PROMPT -
Could you return every line of the records below that contains the word "ORDER"?

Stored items
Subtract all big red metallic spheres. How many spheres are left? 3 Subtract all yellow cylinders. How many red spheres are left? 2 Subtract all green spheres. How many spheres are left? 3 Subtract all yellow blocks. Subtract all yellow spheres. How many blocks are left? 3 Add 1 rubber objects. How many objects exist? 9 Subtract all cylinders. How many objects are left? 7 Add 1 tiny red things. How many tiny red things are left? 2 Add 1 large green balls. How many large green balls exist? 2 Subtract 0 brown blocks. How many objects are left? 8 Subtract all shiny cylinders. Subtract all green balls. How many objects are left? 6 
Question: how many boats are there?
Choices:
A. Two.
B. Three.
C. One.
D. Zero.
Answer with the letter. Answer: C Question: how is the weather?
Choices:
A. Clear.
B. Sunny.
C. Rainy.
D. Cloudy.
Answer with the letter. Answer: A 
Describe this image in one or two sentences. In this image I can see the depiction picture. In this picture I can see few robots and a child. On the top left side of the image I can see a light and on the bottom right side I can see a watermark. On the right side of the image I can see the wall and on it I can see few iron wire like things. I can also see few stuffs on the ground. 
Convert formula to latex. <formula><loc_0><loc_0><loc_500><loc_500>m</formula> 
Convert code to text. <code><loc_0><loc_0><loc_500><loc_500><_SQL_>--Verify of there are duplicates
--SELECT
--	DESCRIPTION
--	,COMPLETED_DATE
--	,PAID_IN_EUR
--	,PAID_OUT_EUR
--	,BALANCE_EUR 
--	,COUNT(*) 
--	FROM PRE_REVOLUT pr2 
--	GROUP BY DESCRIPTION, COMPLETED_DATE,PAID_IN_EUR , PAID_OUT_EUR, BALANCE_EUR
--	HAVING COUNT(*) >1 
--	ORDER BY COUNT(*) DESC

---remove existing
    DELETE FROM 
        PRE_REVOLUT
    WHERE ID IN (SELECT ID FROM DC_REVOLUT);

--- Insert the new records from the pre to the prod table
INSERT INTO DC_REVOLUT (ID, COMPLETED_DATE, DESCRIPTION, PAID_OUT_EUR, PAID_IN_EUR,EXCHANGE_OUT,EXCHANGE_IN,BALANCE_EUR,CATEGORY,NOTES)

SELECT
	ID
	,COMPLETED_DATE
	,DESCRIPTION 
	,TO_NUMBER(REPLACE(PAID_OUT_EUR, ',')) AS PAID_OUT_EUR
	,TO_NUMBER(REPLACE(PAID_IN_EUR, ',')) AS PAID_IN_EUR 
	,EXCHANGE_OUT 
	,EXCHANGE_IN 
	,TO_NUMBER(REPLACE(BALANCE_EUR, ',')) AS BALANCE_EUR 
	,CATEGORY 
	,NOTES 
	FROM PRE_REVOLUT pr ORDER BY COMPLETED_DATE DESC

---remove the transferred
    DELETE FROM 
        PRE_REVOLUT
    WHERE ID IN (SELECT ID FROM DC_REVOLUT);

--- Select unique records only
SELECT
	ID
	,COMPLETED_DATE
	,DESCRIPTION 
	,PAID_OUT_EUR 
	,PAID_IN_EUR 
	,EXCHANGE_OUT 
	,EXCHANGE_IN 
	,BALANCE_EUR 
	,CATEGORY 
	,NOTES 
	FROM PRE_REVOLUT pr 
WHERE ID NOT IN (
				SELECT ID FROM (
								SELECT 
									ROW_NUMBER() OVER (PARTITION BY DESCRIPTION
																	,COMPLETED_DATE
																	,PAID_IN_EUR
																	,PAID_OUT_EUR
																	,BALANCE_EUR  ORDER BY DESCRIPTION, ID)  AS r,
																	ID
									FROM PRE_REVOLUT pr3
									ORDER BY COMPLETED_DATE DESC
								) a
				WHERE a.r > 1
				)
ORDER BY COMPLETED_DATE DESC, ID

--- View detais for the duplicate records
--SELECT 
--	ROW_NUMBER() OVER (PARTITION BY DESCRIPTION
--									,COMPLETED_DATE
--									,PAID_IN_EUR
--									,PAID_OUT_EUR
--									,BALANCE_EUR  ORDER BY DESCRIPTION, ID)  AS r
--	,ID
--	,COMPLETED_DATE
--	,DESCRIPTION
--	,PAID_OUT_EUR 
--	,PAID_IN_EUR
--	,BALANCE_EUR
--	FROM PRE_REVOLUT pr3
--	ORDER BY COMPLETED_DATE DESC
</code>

...

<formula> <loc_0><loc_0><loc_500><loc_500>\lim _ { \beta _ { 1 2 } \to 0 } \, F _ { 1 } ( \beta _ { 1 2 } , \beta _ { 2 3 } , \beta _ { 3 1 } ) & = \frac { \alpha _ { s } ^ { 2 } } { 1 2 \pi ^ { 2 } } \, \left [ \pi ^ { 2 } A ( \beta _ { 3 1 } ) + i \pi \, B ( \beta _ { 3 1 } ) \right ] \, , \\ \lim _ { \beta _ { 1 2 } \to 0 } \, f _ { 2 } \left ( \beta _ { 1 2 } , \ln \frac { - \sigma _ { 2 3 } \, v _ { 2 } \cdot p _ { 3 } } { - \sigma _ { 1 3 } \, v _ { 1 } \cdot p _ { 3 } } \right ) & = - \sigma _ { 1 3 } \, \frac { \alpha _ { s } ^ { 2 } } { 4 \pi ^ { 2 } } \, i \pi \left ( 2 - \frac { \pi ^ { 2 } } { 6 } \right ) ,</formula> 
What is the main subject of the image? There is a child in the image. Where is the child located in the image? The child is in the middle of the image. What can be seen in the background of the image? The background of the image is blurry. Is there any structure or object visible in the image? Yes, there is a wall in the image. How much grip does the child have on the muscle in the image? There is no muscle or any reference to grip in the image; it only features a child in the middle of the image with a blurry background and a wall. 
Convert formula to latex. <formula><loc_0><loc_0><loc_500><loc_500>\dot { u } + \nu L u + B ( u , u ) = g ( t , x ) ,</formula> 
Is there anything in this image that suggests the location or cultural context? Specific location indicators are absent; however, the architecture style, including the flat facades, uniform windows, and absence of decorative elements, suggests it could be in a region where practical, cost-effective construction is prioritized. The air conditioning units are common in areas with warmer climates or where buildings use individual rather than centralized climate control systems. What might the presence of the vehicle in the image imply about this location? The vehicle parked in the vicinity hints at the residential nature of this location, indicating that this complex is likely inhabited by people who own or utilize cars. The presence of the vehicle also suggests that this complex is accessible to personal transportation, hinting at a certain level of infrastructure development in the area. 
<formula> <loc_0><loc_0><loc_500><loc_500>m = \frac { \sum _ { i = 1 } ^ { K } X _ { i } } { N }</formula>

SOLUTION TO THE EXERCISE -
--	ORDER BY COUNT(*) DESC
	FROM PRE_REVOLUT pr ORDER BY COMPLETED_DATE DESC
																	,BALANCE_EUR  ORDER BY DESCRIPTION, ID)  AS r,
									ORDER BY COMPLETED_DATE DESC
ORDER BY COMPLETED_DATE DESC, ID
--									,BALANCE_EUR  ORDER BY DESCRIPTION, ID)  AS r
--	ORDER BY COMPLETED_DATE DESC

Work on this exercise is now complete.